Your goal → The line with "Your task to perform on an android device: Open" marks the first line to copy, and the line with "Step 4: click (85, 915)" marks the last. Transcribe that stretch of the data below exactly, without pictures.

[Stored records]
++++++++
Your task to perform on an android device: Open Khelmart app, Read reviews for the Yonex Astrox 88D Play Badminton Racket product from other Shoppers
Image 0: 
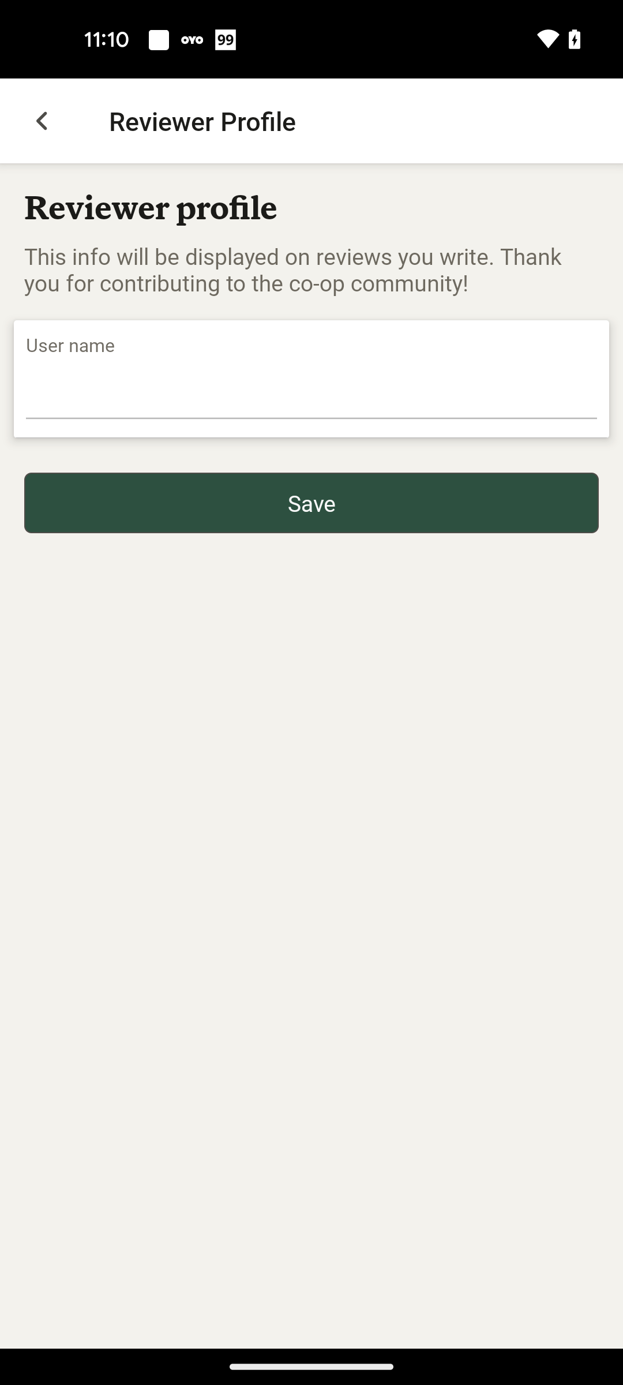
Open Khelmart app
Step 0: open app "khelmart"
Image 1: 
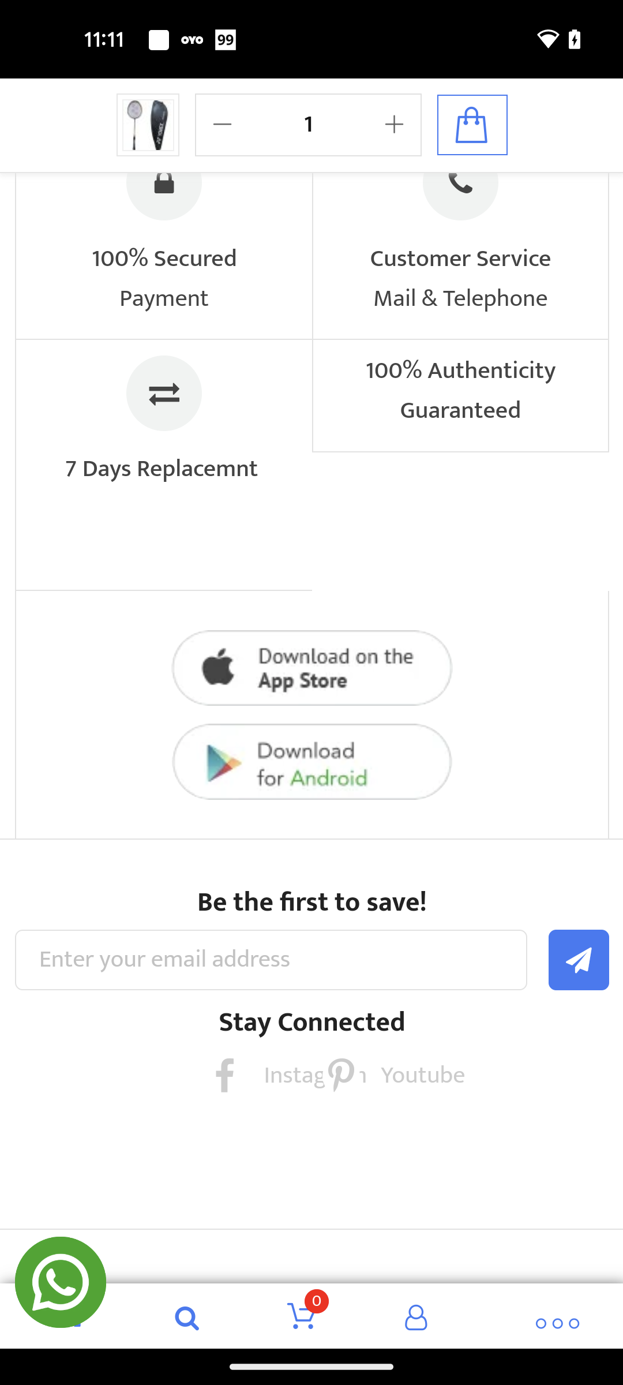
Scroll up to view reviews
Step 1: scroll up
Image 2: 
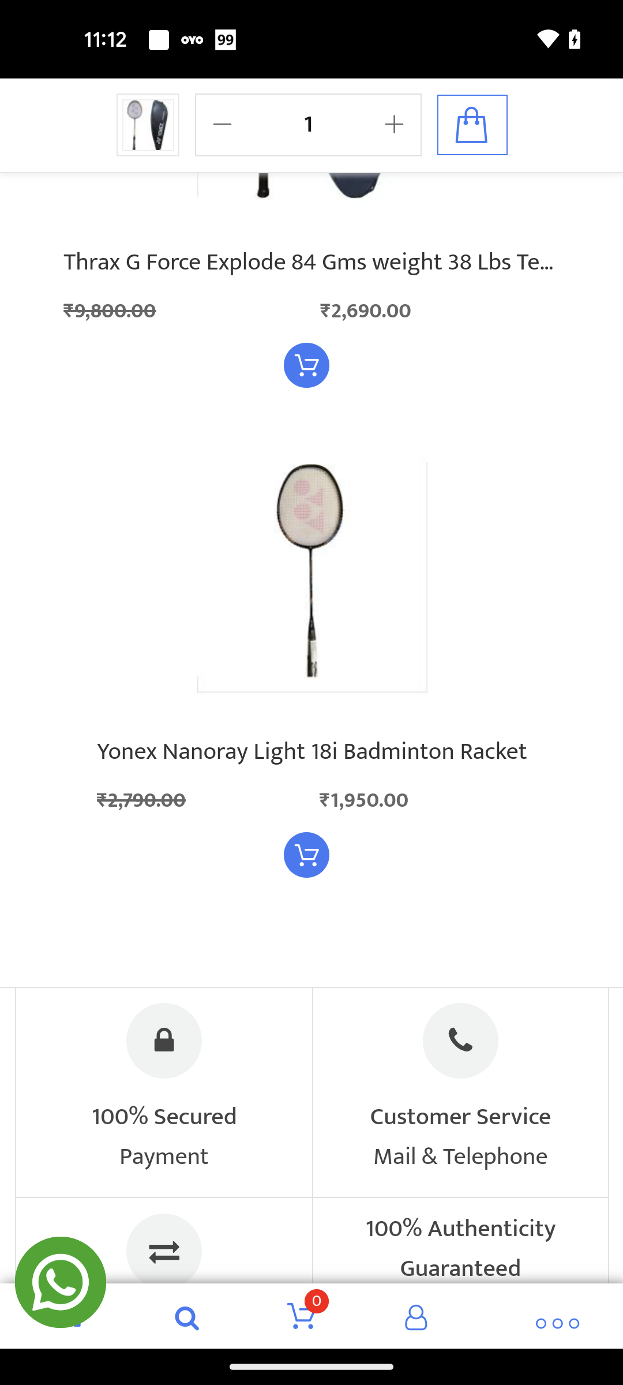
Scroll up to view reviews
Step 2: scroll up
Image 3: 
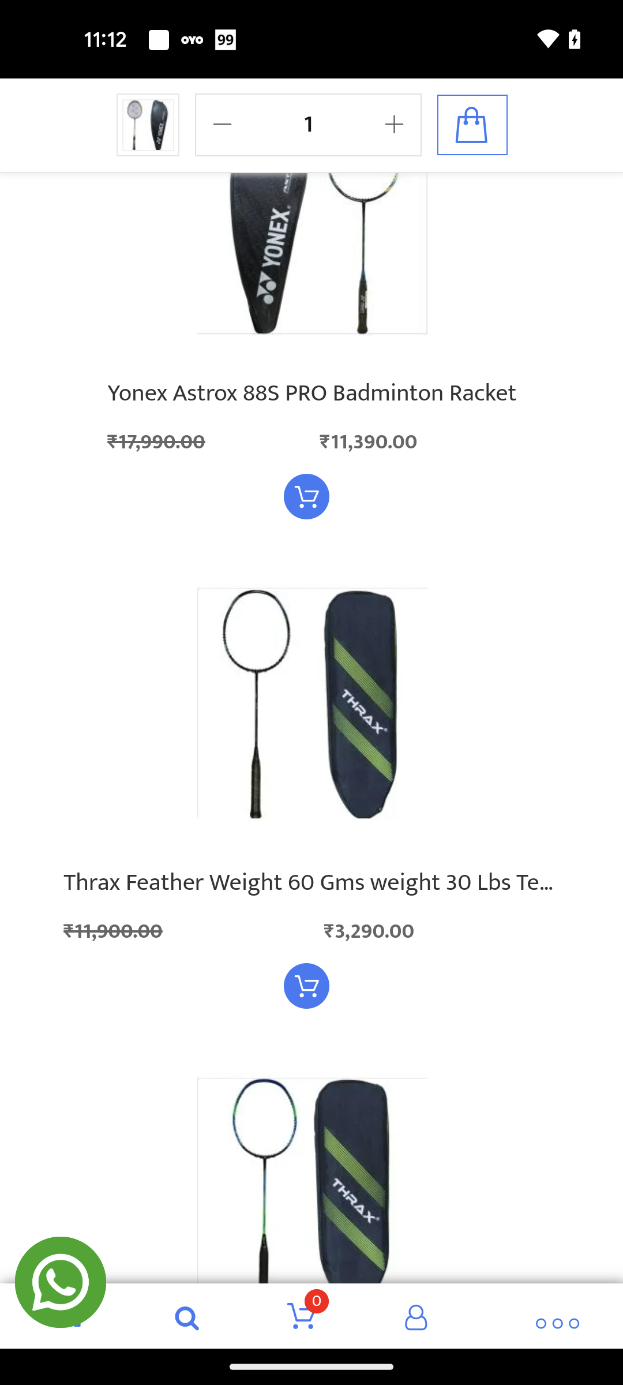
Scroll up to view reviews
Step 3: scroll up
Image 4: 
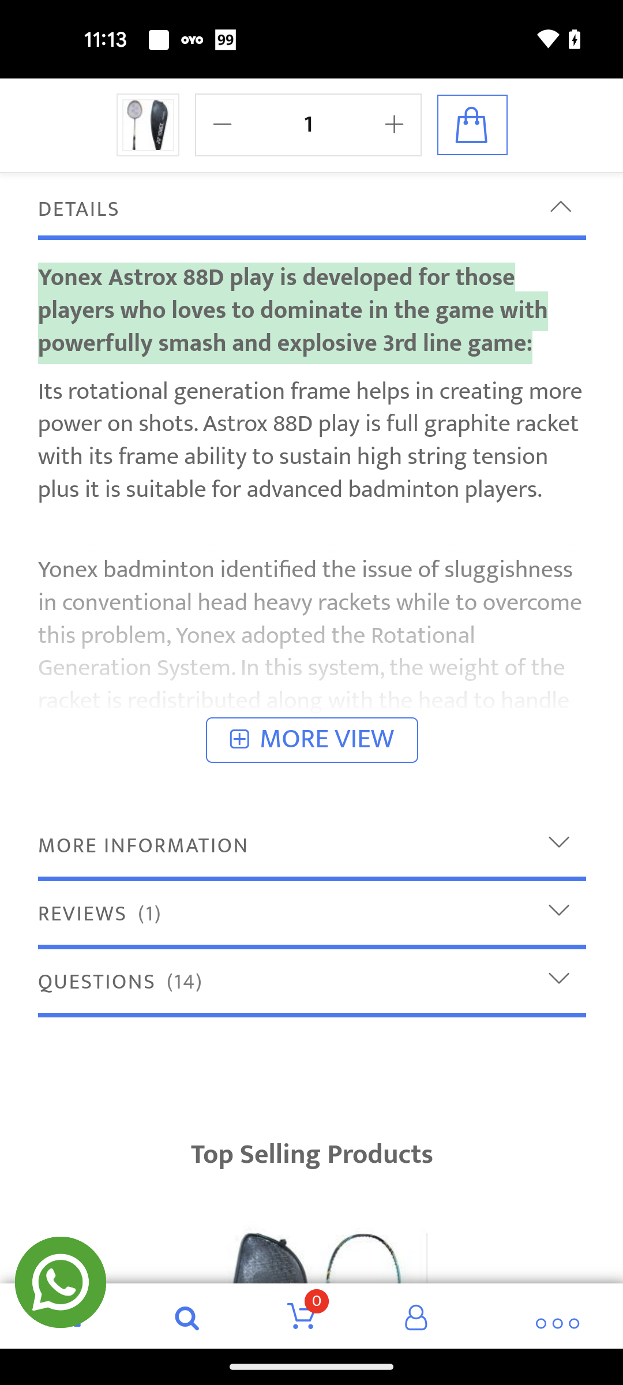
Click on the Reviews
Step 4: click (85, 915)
++++++++
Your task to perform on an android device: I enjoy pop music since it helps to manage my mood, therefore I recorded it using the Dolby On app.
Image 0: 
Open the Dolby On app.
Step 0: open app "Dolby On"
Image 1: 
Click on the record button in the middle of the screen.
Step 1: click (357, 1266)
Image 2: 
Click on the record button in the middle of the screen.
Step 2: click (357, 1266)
++++++++
Response for this exercise →
Your task to perform on an android device: Open Khelmart app, Read reviews for the Yonex Astrox 88D Play Badminton Racket product from other Shoppers
Image 0: 
Open Khelmart app
Step 0: open app "khelmart"
Image 1: 
Scroll up to view reviews
Step 1: scroll up
Image 2: 
Scroll up to view reviews
Step 2: scroll up
Image 3: 
Scroll up to view reviews
Step 3: scroll up
Image 4: 
Click on the Reviews
Step 4: click (85, 915)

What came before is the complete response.